Materials provided:
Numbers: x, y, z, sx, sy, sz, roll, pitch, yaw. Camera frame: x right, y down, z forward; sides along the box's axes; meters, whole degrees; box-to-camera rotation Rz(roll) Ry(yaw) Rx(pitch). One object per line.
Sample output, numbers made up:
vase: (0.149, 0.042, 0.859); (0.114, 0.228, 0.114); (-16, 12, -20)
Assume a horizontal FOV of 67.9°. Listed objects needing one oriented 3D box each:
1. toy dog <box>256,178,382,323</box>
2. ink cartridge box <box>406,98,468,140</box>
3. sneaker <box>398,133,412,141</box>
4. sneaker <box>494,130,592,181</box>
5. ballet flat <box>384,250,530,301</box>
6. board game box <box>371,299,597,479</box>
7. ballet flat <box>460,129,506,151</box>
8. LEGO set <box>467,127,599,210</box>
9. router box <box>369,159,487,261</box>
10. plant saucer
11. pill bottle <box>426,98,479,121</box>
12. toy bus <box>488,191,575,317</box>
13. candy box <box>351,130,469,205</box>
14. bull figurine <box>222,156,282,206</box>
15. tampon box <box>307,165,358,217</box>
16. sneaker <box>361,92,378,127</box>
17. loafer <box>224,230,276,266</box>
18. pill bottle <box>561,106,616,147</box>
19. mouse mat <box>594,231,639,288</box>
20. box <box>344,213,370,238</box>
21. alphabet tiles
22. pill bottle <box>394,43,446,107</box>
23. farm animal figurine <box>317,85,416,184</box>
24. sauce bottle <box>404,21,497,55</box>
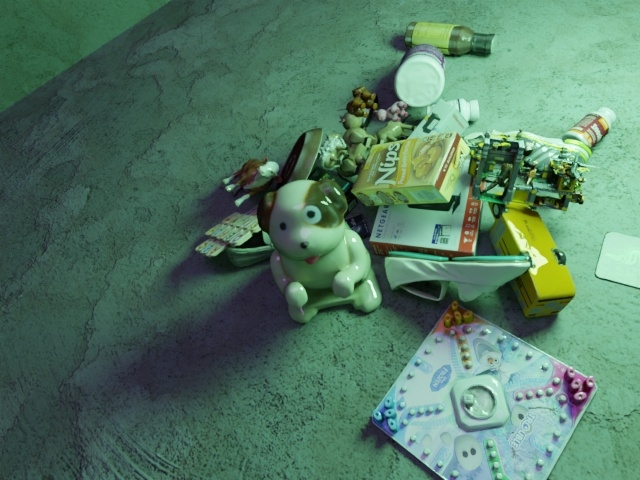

What the task asks:
Any picture in the material is to be left out, and everything else is to be retyped as is.

Solution for this task:
Numbers: x, y, z, sx, sy, sz, roll, pitch, yaw. Camera frame: x right, y down, z forward; sides along the box's axes; meters, whole degrees; box-to-camera rotation Rz(roll) Ry(yaw) Rx(pitch). One object per line.
Sample output, numbers made up:
vase: (0.149, 0.042, 0.859); (0.114, 0.228, 0.114); (-16, 12, -20)
Assume a horizontal FOV of 67.9°. Listed objects needing one oriented 3D box each:
1. toy dog <box>256,178,382,323</box>
2. ink cartridge box <box>406,98,468,140</box>
3. sneaker <box>398,133,412,141</box>
4. sneaker <box>494,130,592,181</box>
5. ballet flat <box>384,250,530,301</box>
6. board game box <box>371,299,597,479</box>
7. ballet flat <box>460,129,506,151</box>
8. LEGO set <box>467,127,599,210</box>
9. router box <box>369,159,487,261</box>
10. plant saucer
11. pill bottle <box>426,98,479,121</box>
12. toy bus <box>488,191,575,317</box>
13. candy box <box>351,130,469,205</box>
14. bull figurine <box>222,156,282,206</box>
15. tampon box <box>307,165,358,217</box>
16. sneaker <box>361,92,378,127</box>
17. loafer <box>224,230,276,266</box>
18. pill bottle <box>561,106,616,147</box>
19. mouse mat <box>594,231,639,288</box>
20. box <box>344,213,370,238</box>
21. alphabet tiles
22. pill bottle <box>394,43,446,107</box>
23. farm animal figurine <box>317,85,416,184</box>
24. sauce bottle <box>404,21,497,55</box>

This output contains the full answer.